Large Science and Education Campus Coming to Prince William Sound

Our New Home

5-acre waterfront research and education campus made possible by major grants from the Exxon Valdez Oil Spill Trustee Council, the M.J. Murdock Charitable Trust, ConocoPhillips Alaska, the Rasmuson Foundation, and others from Alaska and beyond.

May 25th 2021

After years of planning, including a multiyear fundraising campaign, construction has begun on the Prince William Sound Science Center’s forthcoming 5-acre waterfront campus. Founded just after the Exxon Valdez oil spill in 1989, the nonprofit Science Center has focused heavily on climate, oceanography, fisheries, birds and oil spill research in the region, contributing more than $120 million to the state’s economy in the process.

The centerpiece of the new campus is a 20,000-square-foot main building featuring research laboratories, an education classroom, conference room, offices, and warehousing for the Science Center’s research vessels and other equipment. The new campus is located on Prince William Sound’s Orca Inlet, adjacent to the Copper River Delta and the northern Gulf of Alaska. The region serves as one of the world’s most remote and wonderful living laboratories, home to the world’s richest waters. The site is next to a salmon bearing stream and tidally influenced lagoons, which provide teaching opportunities for the Science Center’s award-winning education programs. The Copper River Watershed Project, another local nonprofit with which the Science Center collaborates, recently received title to over 120 acres of adjacent property whose future uses are restricted to conservation and recreation. Together, the area creates a research, education, recreation, and conservation district that will provide benefits for decades.

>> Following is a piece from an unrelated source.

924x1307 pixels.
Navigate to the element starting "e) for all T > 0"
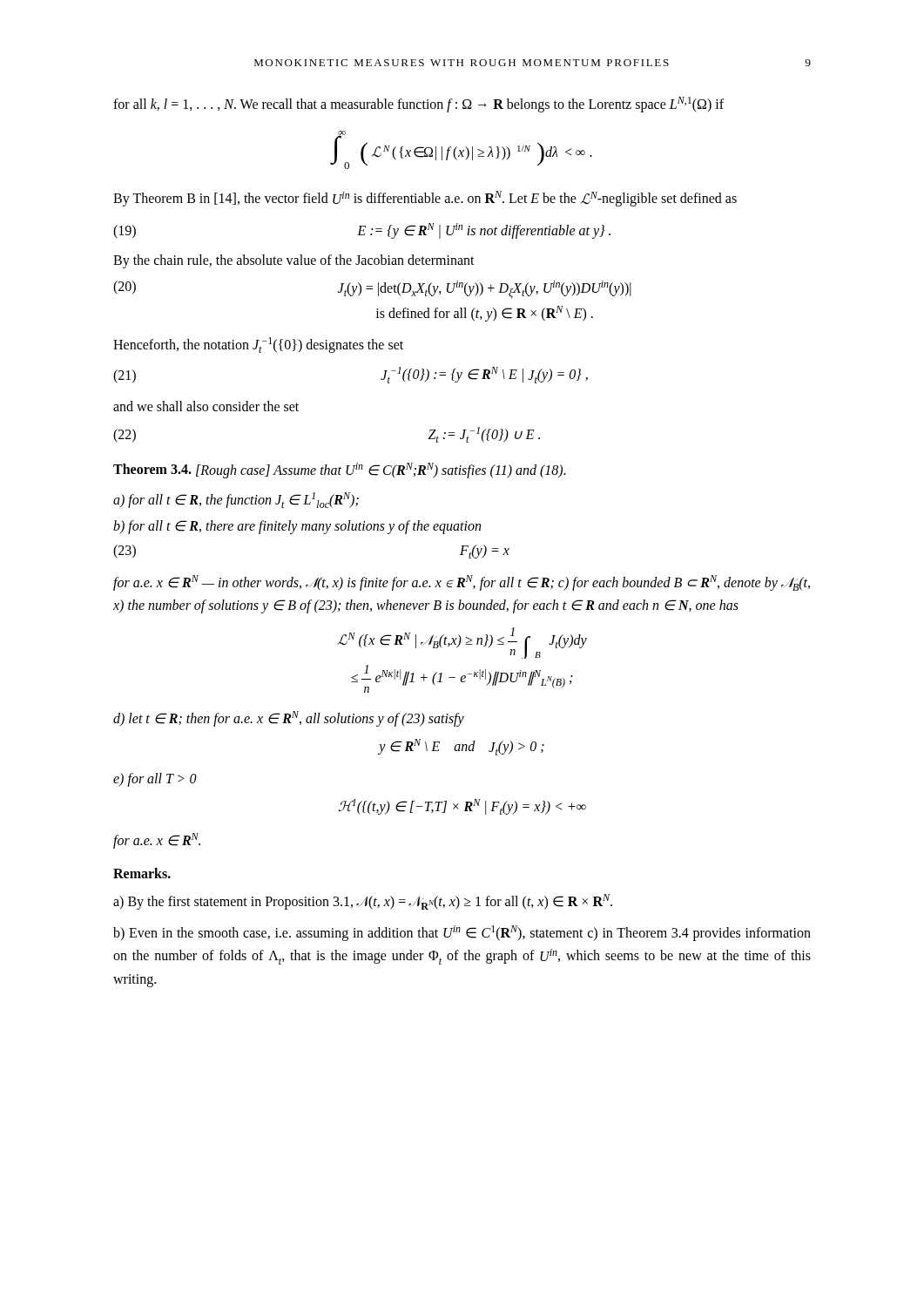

The City of Cordova has been a remarkable partner and worked to identify and sell the Science Center the 5-acre waterfront parcel of land on which to develop the new campus. Extraordinary community and regional support, especially during a pandemic, helped the Science Center meet its initial fundraising goal. This new campus will improve the region’s economy while increasing the breadth and depth of the Science Center’s globally-important research, education, and community benefit programs.

The forthcoming campus is bringing construction-related jobs and positive economic news to a region hit hard by COVID-19. To date, the Science Center has generated $19.1 million in fundraising commitments. The unprecedented global COVID-19 pandemic, along with rising materials, labor, and shipping costs, required the Science Center to defer certain elements of the project. The organization is actively seeking additional funding to enable completion of the original vision, including a dormitory, running seawater system, and seawater heat pump. Today, the Science Center supports 17-20 year-round employees and many more seasonal and contract staff, spread across nearly 15,000 sq. ft. of rented facilities distributed disparately around Cordova. This campus consolidation and expansion project will accommodate more than 30 employees on a unified campus, greatly increasing the Science Center’s contribution to the regional and state economies while making the organization’s work more efficient and impactful.

The anchor funder for the new campus is the Exxon Valdez Oil Spill Trustee Council (EVOSTC), which provided $17.5 million in support. Additional major funders of the new campus include the M.J. Murdock Charitable Trust ($650,000), ConocoPhillips Alaska ($250,000), and the Rasmuson Foundation ($150,000), as well as The Eyak Corporation, CoBank, John Garner, Meera Kohler, the Copper River/Prince William Sound Marketing Association, the Meacham Foundation, the Cordova Community Foundation, and many other individuals and corporations.

It’s anticipated that the current phase of the Science Center’s new campus will be substantially complete in June 2022, with Dawson Construction and NorthForm Architecture handling the design-build effort following conceptual renderings contributed by RIM Architects and Phase 1 plans led by MCG Explore Design. The Science Center seeks to raise an additional $500,000 for Phase 1 of the project, and roughly $6 million for Phase 2.